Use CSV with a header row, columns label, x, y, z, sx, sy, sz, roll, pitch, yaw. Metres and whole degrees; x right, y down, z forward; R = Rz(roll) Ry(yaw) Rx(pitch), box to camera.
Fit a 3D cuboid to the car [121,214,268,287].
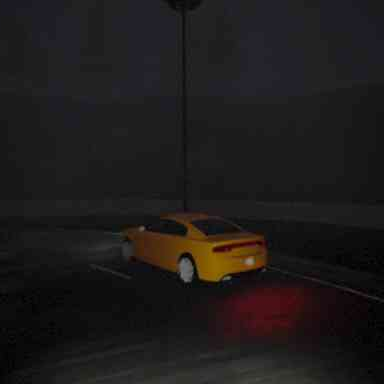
label,x,y,z,sx,sy,sz,roll,pitch,yaw
car,-0.236,1.338,9.170,1.882,1.535,5.008,0,1,-37

### What you will do
Once the pictures are set aside, output the whole listing exactly.

### Solution to this problem
Use CSV with a header row, columns label, x, y, z, sx, sy, sz, roll, pitch, yaw. Metres and whole degrees; x right, y down, z forward; R = Rz(roll) Ry(yaw) Rx(pitch), box to camera.
Fit a 3D cuboid to the car [121,214,268,287].
label,x,y,z,sx,sy,sz,roll,pitch,yaw
car,-0.236,1.338,9.170,1.882,1.535,5.008,0,1,-37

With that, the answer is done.